Inside CleanRL, dqn.py implements DQN in about 250 lines of code. I have simplified this code a bit to reduce it to about 160 lines in dqn_simple.py. Download this file.
Run dqn_simple.py to attempt to solve the classic control environments. Use Tensorboard to view statistics about the training runs, and watch videos of the results. Which environments is DQN able to solve?
c) How many hidden layers are there in the neural network in dqn_simple.py? What is the total number of parameters (weights) in the neural network?
d) What are the precise meanings of td_loss, q_values, and SPS in the Tensorboard statistics? Explain the observed shape of the curves of these statistics.
e) Modify the code to remove a layer from the neural network. How does this affect learning?

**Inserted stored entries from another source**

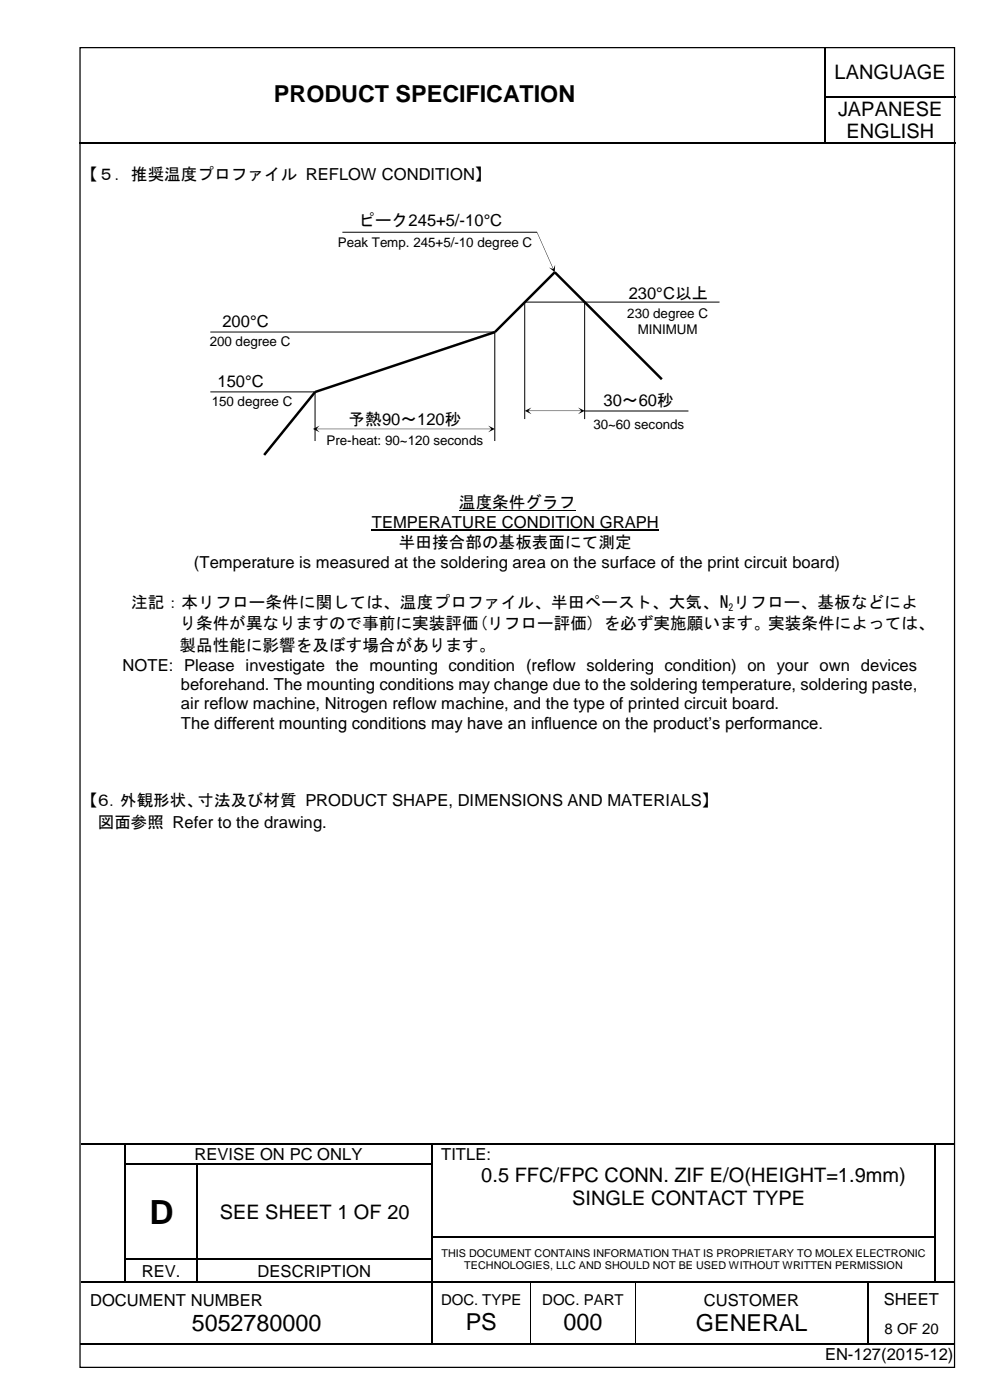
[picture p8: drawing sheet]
<svg xmlns="http://www.w3.org/2000/svg" width="210mm" height="297mm" viewBox="0 0 210 297" stroke-linecap="round" stroke-linejoin="round" font-family="sans-serif">
<defs><g id="words">
<text font-size="7.1" x="31.7" y="259.6">D</text>
<g font-size="5">
<text x="58.1" y="21.6">PRODUCT SPECIFICATION</text>
<text x="40.6" y="282.4">5052780000</text>
<text x="98.7" y="282.2">PS</text>
<text x="119.4" y="282.2">000</text>
<text x="147.6" y="282.4">GENERAL</text>
</g>
<g font-size="4.2">
<text x="176.9" y="16.7">LANGUAGE</text>
<text x="177.7" y="24.5">JAPANESE</text>
<text x="179.4" y="29.4">ENGLISH</text>
<text x="102" y="250.7">0.5 FFC/FPC CONN. ZIF E/O(HEIGHT=1.9mm)</text>
<text x="121.3" y="255.6">SINGLE CONTACT TYPE</text>
<text x="46.6" y="258.6">SEE SHEET 1 OF 20</text>
</g>
<g font-size="3.5">
<text x="17.2" y="38.1">【５．推奨温度プロファイル REFLOW CONDITION】</text>
<text x="76" y="47.9">ピーク245+5/-10°C</text>
<text x="133.3" y="63.4">230°C以上</text>
<text x="47.2" y="69.4">200°C</text>
<text x="46.1" y="82.1">150°C</text>
<text x="128" y="86.1">30～60秒</text>
<text x="73.9" y="90.1">予熱90～120秒</text>
<text x="97.3" y="107.7">温度条件グラフ</text>
<text x="78.8" y="111.9">TEMPERATURE CONDITION GRAPH</text>
<text x="84.6" y="116.3">半田接合部の基板表面にて測定</text>
<text x="41.1" y="120.6">(Temperature is measured at the soldering area on the surface of the print circuit board)</text>
<text x="27.8" y="129">注記：本リフロー条件に関しては、温度プロファイル、半田ペースト、大気、N リフロー、基板などによ</text>
<text x="38" y="133.5">り条件が異なりますので事前に実装評価(リフロー評価) を必ず実施願います。実装条件によっては、</text>
<text x="26" y="142.4">NOTE: Please investigate the mounting condition (reflow soldering condition) on your own devices</text>
<text x="38" y="138.2">製品性能に影響を及ぼす場合があります。</text>
<text x="38.4" y="146.4">beforehand. The mounting conditions may change due to the soldering temperature, soldering paste,</text>
<text x="38.4" y="150.5">air reflow machine, Nitrogen reflow machine, and the type of printed circuit board.</text>
<text x="38.4" y="154.6">The different mounting conditions may have an influence on the product’s performance.</text>
<text x="19" y="171.1">【６．外観形状、寸法及び材質 PRODUCT SHAPE, DIMENSIONS AND MATERIALS】</text>
<text x="20.7" y="175.7">図面参照 Refer to the drawing.</text>
<text x="41.2" y="246.1">REVISE ON PC ONLY</text>
<text x="93.5" y="246.1">TITLE:</text>
<text x="30.1" y="270.8">REV.</text>
<text x="54.6" y="270.8">DESCRIPTION</text>
<text x="19.1" y="277">DOCUMENT NUMBER</text>
<text x="149.2" y="277">CUSTOMER</text>
<text x="187.4" y="276.8">SHEET</text>
<text x="174.9" y="288.6">EN-127(2015-12)</text>
</g>
<g font-size="3.2">
<text x="93.5" y="276.9">DOC. TYPE</text>
<text x="115" y="276.9">DOC. PART</text>
<text x="187.5" y="283">8 OF 20</text>
</g>
<g font-size="2.8">
<text x="71.6" y="52.3">Peak Temp. 245+5/-10 degree C</text>
<text x="133" y="67.5">230 degree C</text>
<text x="135.2" y="70.8">MINIMUM</text>
<text x="44.5" y="73.5">200 degree C</text>
<text x="44.9" y="86.2">150 degree C</text>
<text x="69.2" y="94.5">Pre-heat: 90~120 seconds</text>
<text x="125.8" y="91.1">30~60 seconds</text>
</g>
<g font-size="2.3">
<text x="93.6" y="266.6">THIS DOCUMENT CONTAINS INFORMATION THAT IS PROPRIETARY TO MOLEX ELECTRONIC</text>
<text x="98.4" y="269.3">TECHNOLOGIES, LLC AND SHOULD NOT BE USED WITHOUT WRITTEN PERMISSION</text>
</g>
<text font-size="2.1" x="154.4" y="129.7">2</text>
</g></defs>
<g fill="none" stroke="#000" stroke-width=".25">
<path d="M175 10.2v10.2M16.8 30.4h158M175 20.6v9.7M175.1 20.5h27.4M175.1 30.4h27.4M17.2 242.6h9.3M26.6 242.8v4M26.6 247.1v4.8M26.6 252.2v4.9M26.6 257.3v4.9M26.7 242.6h64.8M26.7 247h15"/>
<path d="M41.8 247.1v4.8M41.8 252.2v4.9M41.8 257.3v4.9M42 247h49.5M91.6 242.8v4M91.6 247.1v4.8M91.6 252.2v4.9M91.6 257.3v4.9M91.8 242.6h106.3M198.2 242.8v4M198.2 247.1v4.8M198.2 252.2v4.9"/>
<path d="M198.2 257.3v4.9M198.4 242.6h4M17.2 272h9.3M26.6 262.5v4.6M26.6 267.3v4.6M26.7 267.2h15M26.7 272h15M41.8 262.5v4.6M41.8 267.3v4.6M42 267.2h49.5M42 272h49.5M91.6 262.5v4.6"/>
<path d="M91.6 267.3v4.6M91.6 272.2v12.9M91.8 262.3h106.3M91.8 272h20.6M112.6 272h22M134.9 272h49M184 272.2v12.9M184.1 272h14M198.2 262.5v4.6M198.2 267.3v4.6M198.4 272h4M16.9 285.2h74.6"/>
<path d="M91.8 285.2h20.6M112.6 285.2h22M134.9 285.2h49M184.1 285.2h18.3"/>
</g>
<g fill="#000">
<path d="M174.8 20.4h.3v.2h-.3z" fill-rule="evenodd"/>
<path d="M174.8 30.3h.3v.3h-.3z" fill-rule="evenodd"/>
<path d="M26.5 242.5h.2v.3h-.2z" fill-rule="evenodd"/>
<path d="M26.5 246.8h.2v.3h-.2z" fill-rule="evenodd"/>
<path d="M26.5 251.9h.2v.3h-.2z" fill-rule="evenodd"/>
<path d="M26.5 257.1h.2v.2h-.2z" fill-rule="evenodd"/>
<path d="M41.7 246.8h.3v.3h-.3z" fill-rule="evenodd"/>
<path d="M41.7 251.9h.3v.3h-.3z" fill-rule="evenodd"/>
<path d="M41.7 257.1h.3v.2h-.3z" fill-rule="evenodd"/>
<path d="M91.5 242.5h.3v.3h-.3z" fill-rule="evenodd"/>
<path d="M91.5 246.8h.3v.3h-.3z" fill-rule="evenodd"/>
<path d="M91.5 251.9h.3v.3h-.3z" fill-rule="evenodd"/>
<path d="M91.5 257.1h.3v.2h-.3z" fill-rule="evenodd"/>
<path d="M198.1 242.5h.3v.3h-.3z" fill-rule="evenodd"/>
<path d="M198.1 246.8h.3v.3h-.3z" fill-rule="evenodd"/>
<path d="M198.1 251.9h.3v.3h-.3z" fill-rule="evenodd"/>
<path d="M198.1 257.1h.3v.2h-.3z" fill-rule="evenodd"/>
<path d="M26.5 262.2h.2v.3h-.2z" fill-rule="evenodd"/>
<path d="M26.5 267.1h.2v.2h-.2z" fill-rule="evenodd"/>
<path d="M26.5 271.9h.2v.3h-.2z" fill-rule="evenodd"/>
<path d="M41.7 262.2h.3v.3h-.3z" fill-rule="evenodd"/>
<path d="M41.7 267.1h.3v.2h-.3z" fill-rule="evenodd"/>
<path d="M41.7 271.9h.3v.3h-.3z" fill-rule="evenodd"/>
<path d="M91.5 262.2h.3v.3h-.3z" fill-rule="evenodd"/>
<path d="M91.5 267.1h.3v.2h-.3z" fill-rule="evenodd"/>
<path d="M91.5 271.9h.3v.3h-.3z" fill-rule="evenodd"/>
<path d="M112.4 271.9h.2v.3h-.2z" fill-rule="evenodd"/>
<path d="M134.6 271.9h.3v.3h-.3z" fill-rule="evenodd"/>
<path d="M183.9 271.9h.2v.3h-.2z" fill-rule="evenodd"/>
<path d="M198.1 262.2h.3v.3h-.3z" fill-rule="evenodd"/>
<path d="M198.1 267.1h.3v.2h-.3z" fill-rule="evenodd"/>
<path d="M198.1 271.9h.3v.3h-.3z" fill-rule="evenodd"/>
<path d="M91.5 285.1h.3v.3h-.3z" fill-rule="evenodd"/>
<path d="M112.4 285.1h.2v.3h-.2z" fill-rule="evenodd"/>
<path d="M134.6 285.1h.3v.3h-.3z" fill-rule="evenodd"/>
<path d="M183.9 285.1h.2v.3h-.2z" fill-rule="evenodd"/>
</g>
<path d="M112.5 272.2v12.9M134.7 272.2v12.9" fill="none" stroke="#000" stroke-width=".21"/>
<path d="M55.6 15.8h112.4v9.7h-112.4z" fill-rule="evenodd" fill="#fff"/>
<path d="M17 10.1h185.4v280h-185.4z" fill="none" stroke="#000" stroke-width=".26"/>
<path d="M72.6 49.3h41.3M44.6 70.4l60.3 .1v23.1M111.2 64.1v24.8M111.3 64.1h41.2M123.9 64.1v24.8M44.6 83.1h22.2M66.8 83.2v10.4M123.9 87.2h22.1M97.3 108.3h24.7" fill="none" stroke="#000" stroke-width=".21"/>
<path d="M78.8 112.5h61" fill="none" stroke="#000" stroke-width=".25"/>
<path d="M140.3 80.5l-22.7-22.7-12.7 12.7-38.1 12.7-10.8 13.3" fill="none" stroke="#000" stroke-width=".53"/>
<g fill="#000">
<path d="M113.8 49.3l3.6 7.8zM116.4 56.8l.9 .3 .4-.9-.1 1.6z"/>
<path d="M67.1 91h37.1zM66.4 91l1.4-.7-.7 .7 .7 .7zM103.5 90.3l1.4 .7-1.4 .7 .7-.7z"/>
<path d="M112 87.1l11.3 .1zM122.6 86.5l.7 .7-.7 .7 1.4-.7zM111.3 87.2l1.4 .7-.7-.7 .7-.7z"/>
</g>
<use href="#words"/>
</svg>

f) Modify the code so that a target network is not used. How does this affect learning?
a) Gymnasium includes many Atari games. Choose a few of these games and play them using the Stella Atari emulator. Of the games you chose, which do you think might be easiest or most difficult for DQN to learn to play? Why?
b) Choose one of these games and start a training run using CleanRL's dqn_atari.py on one of the machines in our Gpulab high-performance cluster. A full training run might take many hours. Is DQN able to make any progress at all in training during the first 5 or 10 minutes?
c) Study the differences between dqn.py and dqn_atari.py. How is dqn_atari.py specialized for Atari games, exactly?